From the records, pick out and copy each line containing "Rendered".

Records contained in a dataset:
Content starts
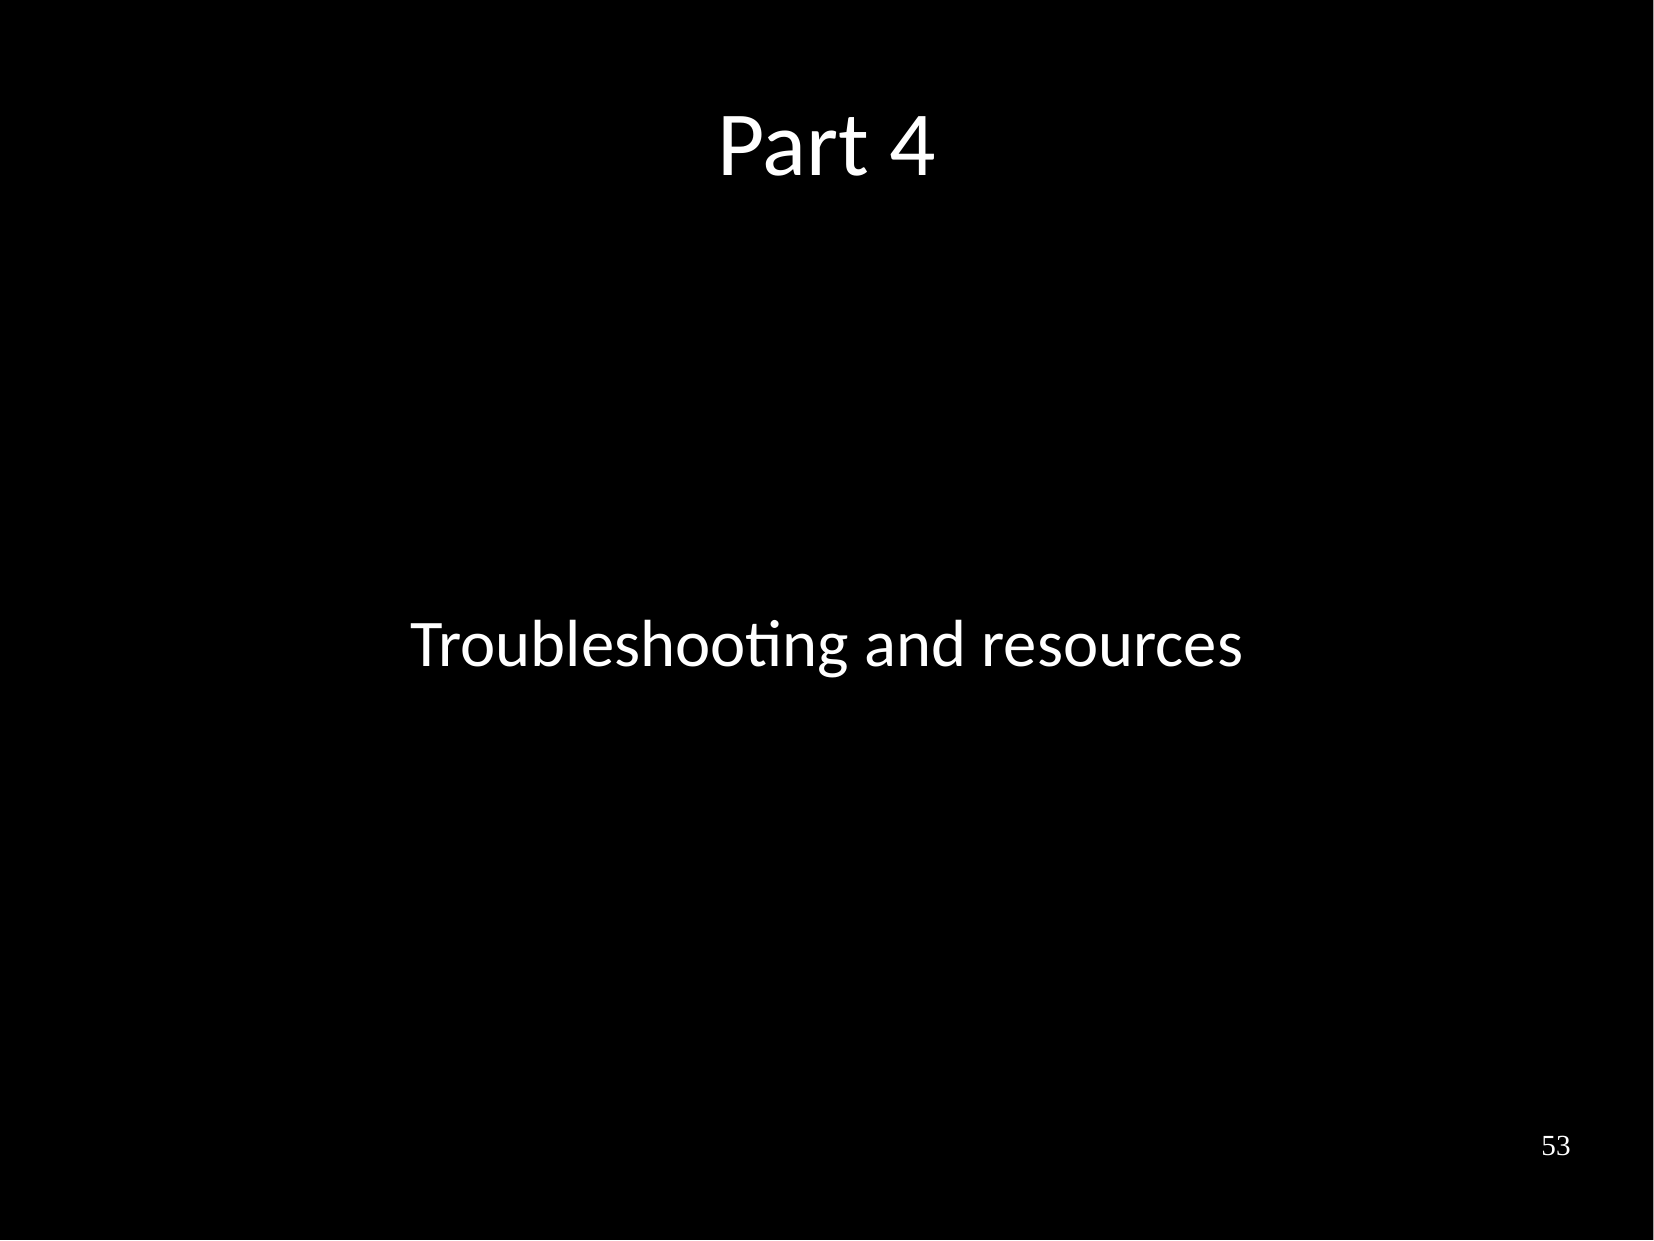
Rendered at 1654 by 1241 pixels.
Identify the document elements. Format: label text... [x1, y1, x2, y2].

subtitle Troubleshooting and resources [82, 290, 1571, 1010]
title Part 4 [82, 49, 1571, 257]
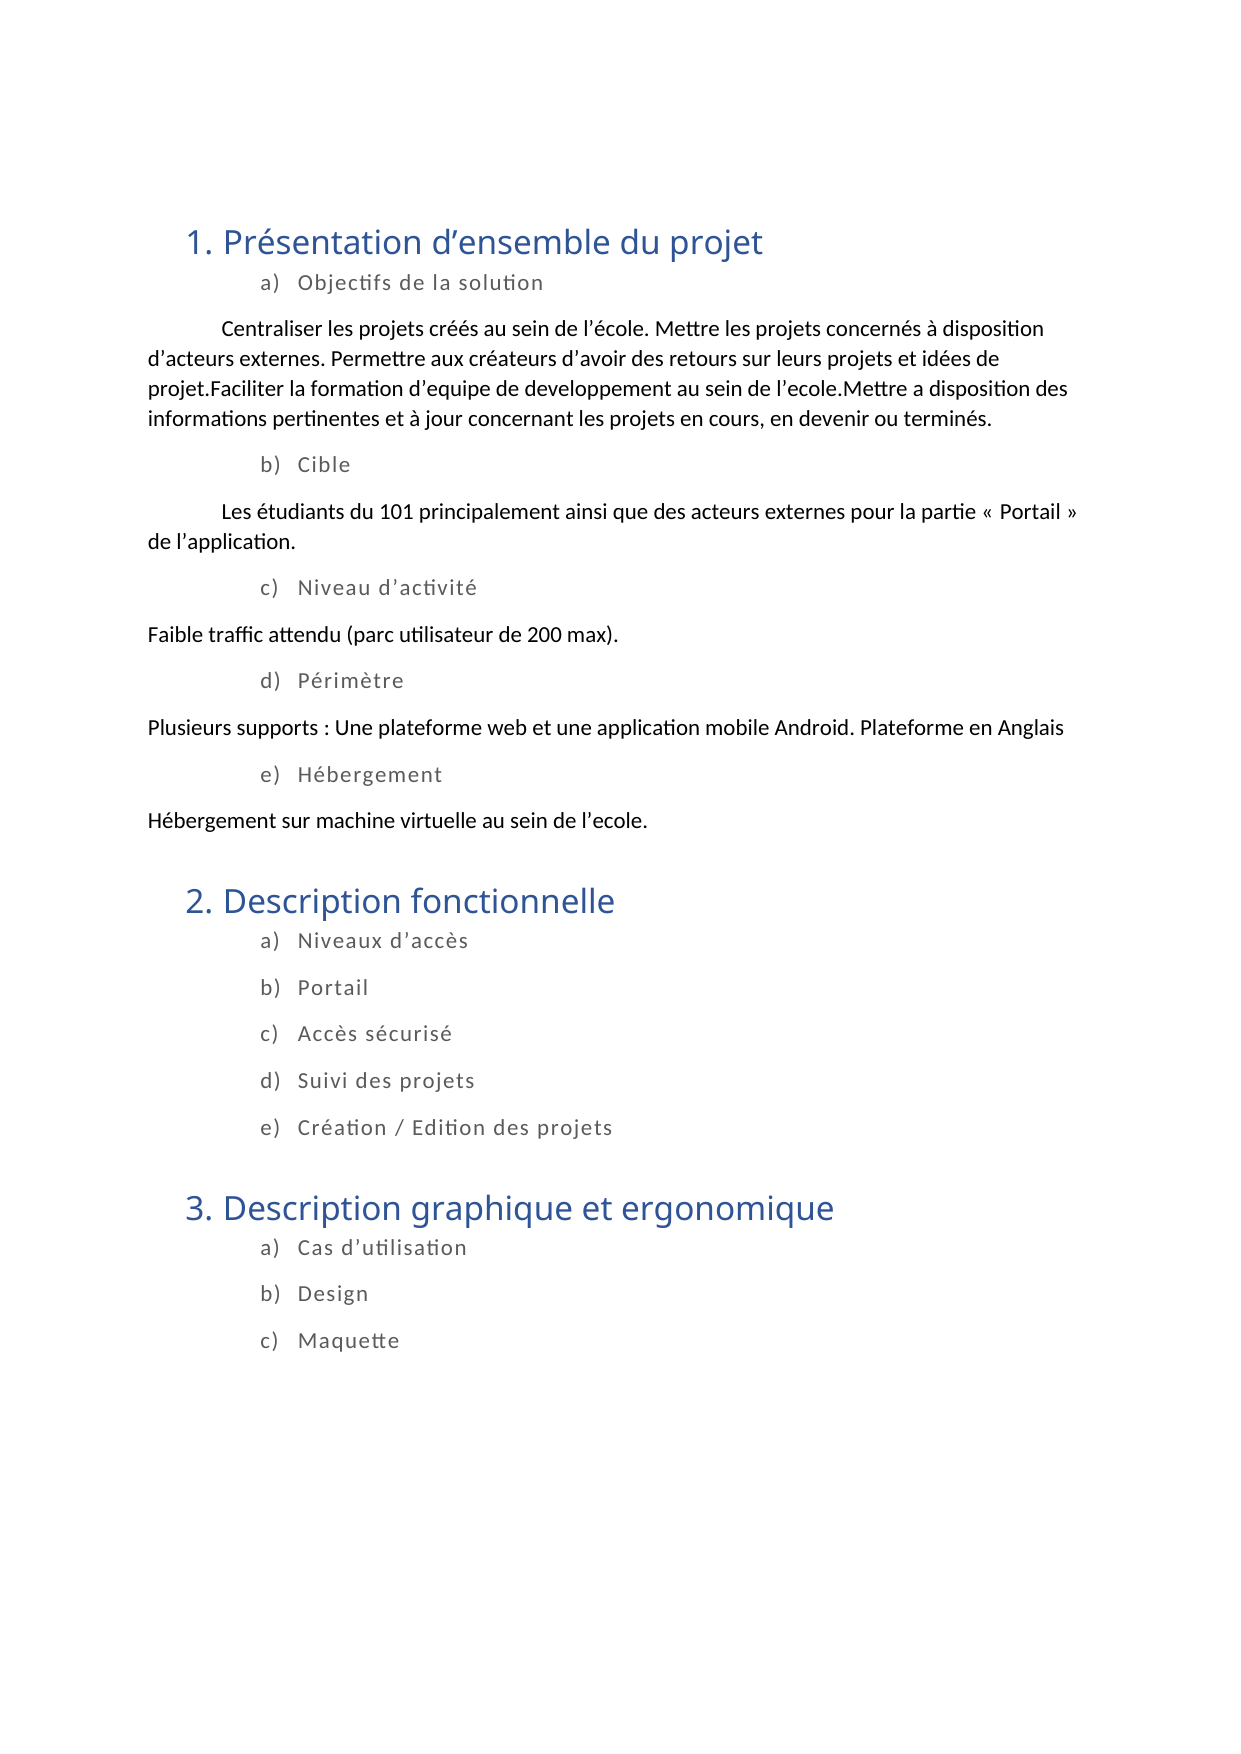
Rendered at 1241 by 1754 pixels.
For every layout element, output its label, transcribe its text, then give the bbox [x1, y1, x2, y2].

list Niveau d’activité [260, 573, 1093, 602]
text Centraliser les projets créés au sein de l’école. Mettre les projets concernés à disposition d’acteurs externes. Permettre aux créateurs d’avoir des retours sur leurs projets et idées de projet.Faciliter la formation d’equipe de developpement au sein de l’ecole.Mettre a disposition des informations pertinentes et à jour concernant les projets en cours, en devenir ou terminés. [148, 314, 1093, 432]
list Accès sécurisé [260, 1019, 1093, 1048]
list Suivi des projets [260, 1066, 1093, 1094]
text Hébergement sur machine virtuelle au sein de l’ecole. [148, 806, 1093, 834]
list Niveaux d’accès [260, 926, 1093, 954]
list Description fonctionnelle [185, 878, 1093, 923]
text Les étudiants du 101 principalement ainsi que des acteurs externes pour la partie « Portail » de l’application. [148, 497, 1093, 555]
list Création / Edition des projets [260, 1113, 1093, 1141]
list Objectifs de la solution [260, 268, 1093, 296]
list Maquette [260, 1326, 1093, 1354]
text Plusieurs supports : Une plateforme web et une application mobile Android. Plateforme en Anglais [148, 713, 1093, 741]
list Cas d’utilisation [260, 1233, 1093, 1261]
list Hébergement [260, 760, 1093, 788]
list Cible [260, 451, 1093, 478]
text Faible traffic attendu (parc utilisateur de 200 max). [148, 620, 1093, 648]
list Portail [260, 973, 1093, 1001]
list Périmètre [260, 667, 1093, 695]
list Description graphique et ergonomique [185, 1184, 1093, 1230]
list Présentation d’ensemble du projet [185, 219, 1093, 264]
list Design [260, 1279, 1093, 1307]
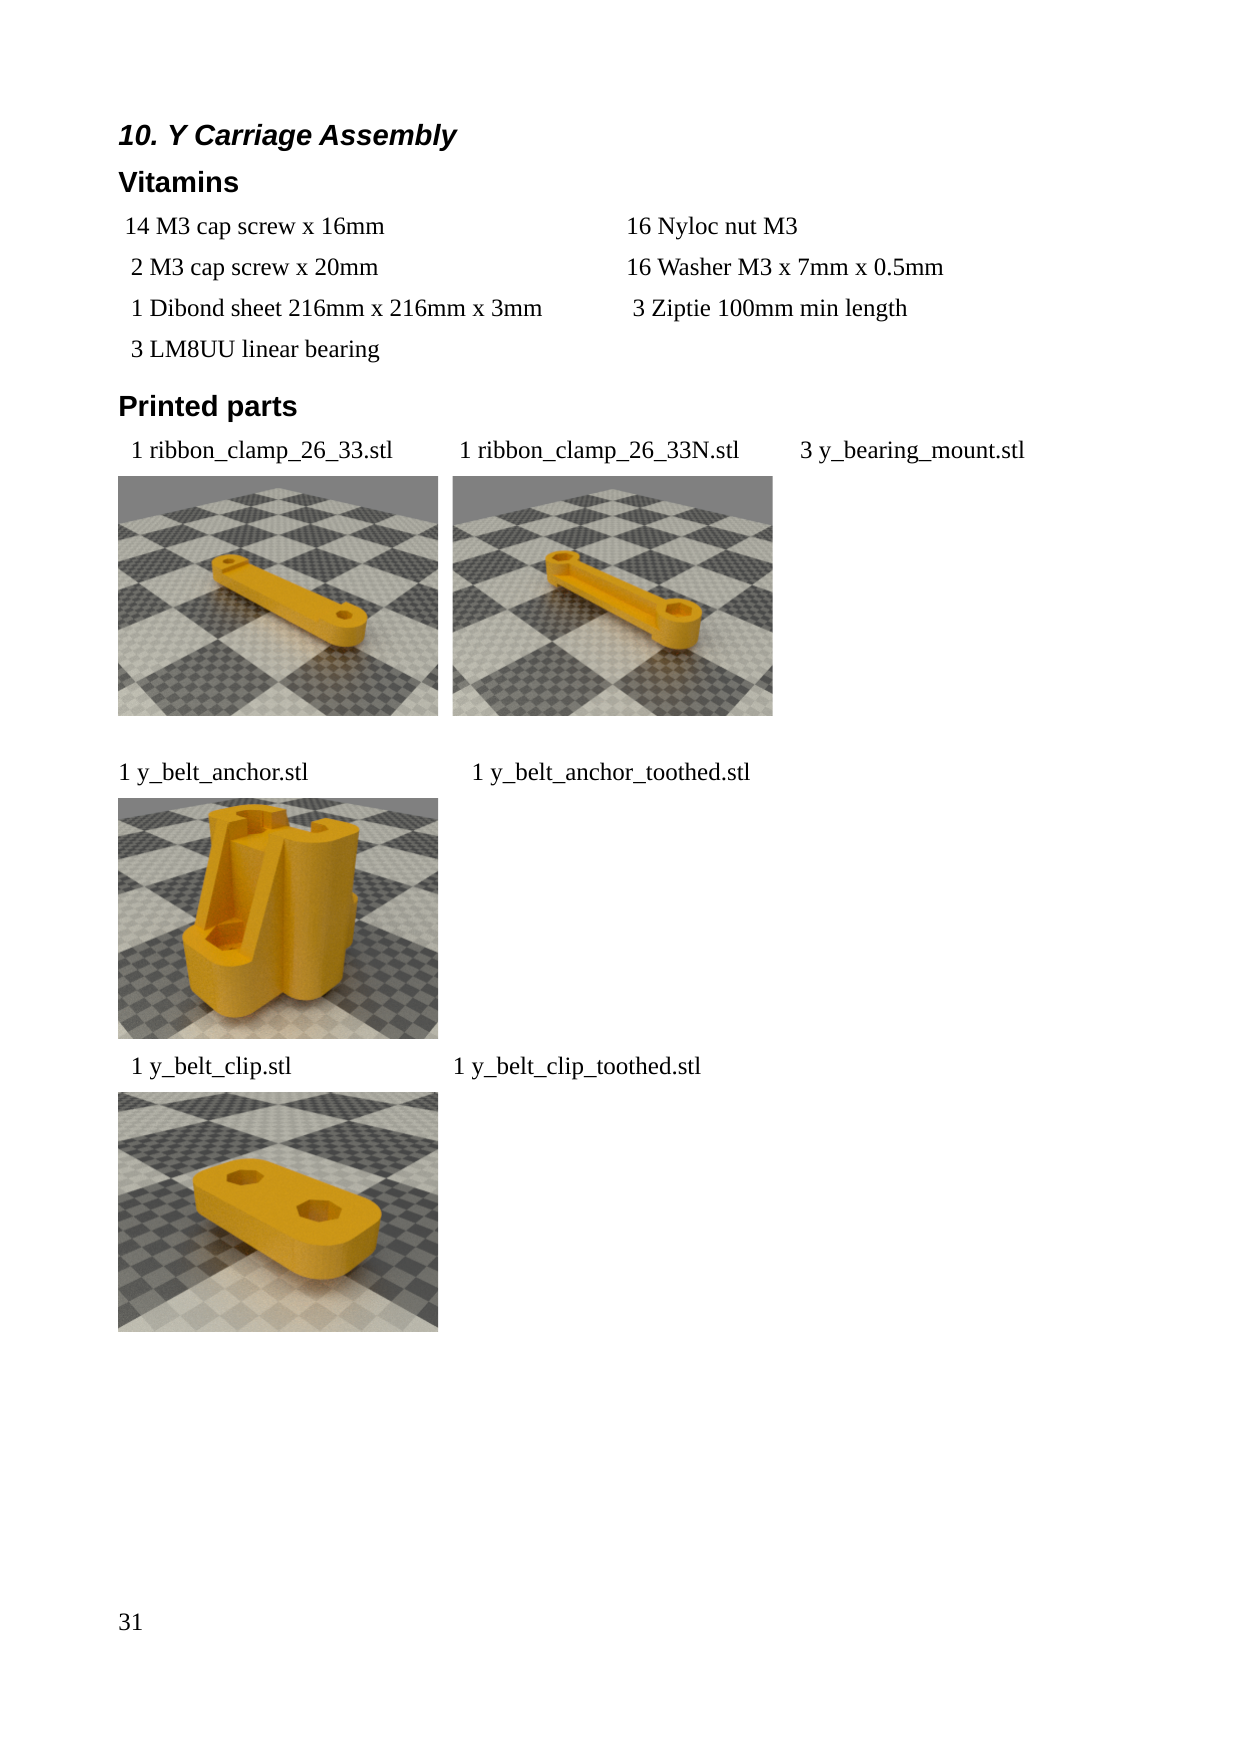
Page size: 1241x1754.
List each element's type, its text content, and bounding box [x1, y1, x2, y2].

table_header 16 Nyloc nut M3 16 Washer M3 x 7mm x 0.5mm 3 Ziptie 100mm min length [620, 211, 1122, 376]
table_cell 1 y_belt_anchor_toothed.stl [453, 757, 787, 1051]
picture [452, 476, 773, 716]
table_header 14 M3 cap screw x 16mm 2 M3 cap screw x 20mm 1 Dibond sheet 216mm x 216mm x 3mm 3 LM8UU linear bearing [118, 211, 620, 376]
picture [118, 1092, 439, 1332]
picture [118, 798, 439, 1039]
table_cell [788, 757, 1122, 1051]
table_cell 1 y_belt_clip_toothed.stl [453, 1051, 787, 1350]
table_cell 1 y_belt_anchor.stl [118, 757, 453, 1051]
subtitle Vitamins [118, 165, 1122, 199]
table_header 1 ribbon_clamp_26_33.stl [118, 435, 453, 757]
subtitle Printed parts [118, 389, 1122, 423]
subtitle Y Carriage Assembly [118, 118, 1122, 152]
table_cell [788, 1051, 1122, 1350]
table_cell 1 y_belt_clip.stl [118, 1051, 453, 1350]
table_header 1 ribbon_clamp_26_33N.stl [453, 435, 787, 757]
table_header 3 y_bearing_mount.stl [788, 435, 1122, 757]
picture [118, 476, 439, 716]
Content ends
EXERCISE RESPONSE:
Rendered at 1654 by 1241 pixels.
Rendered at 1241 by 1754 pixels.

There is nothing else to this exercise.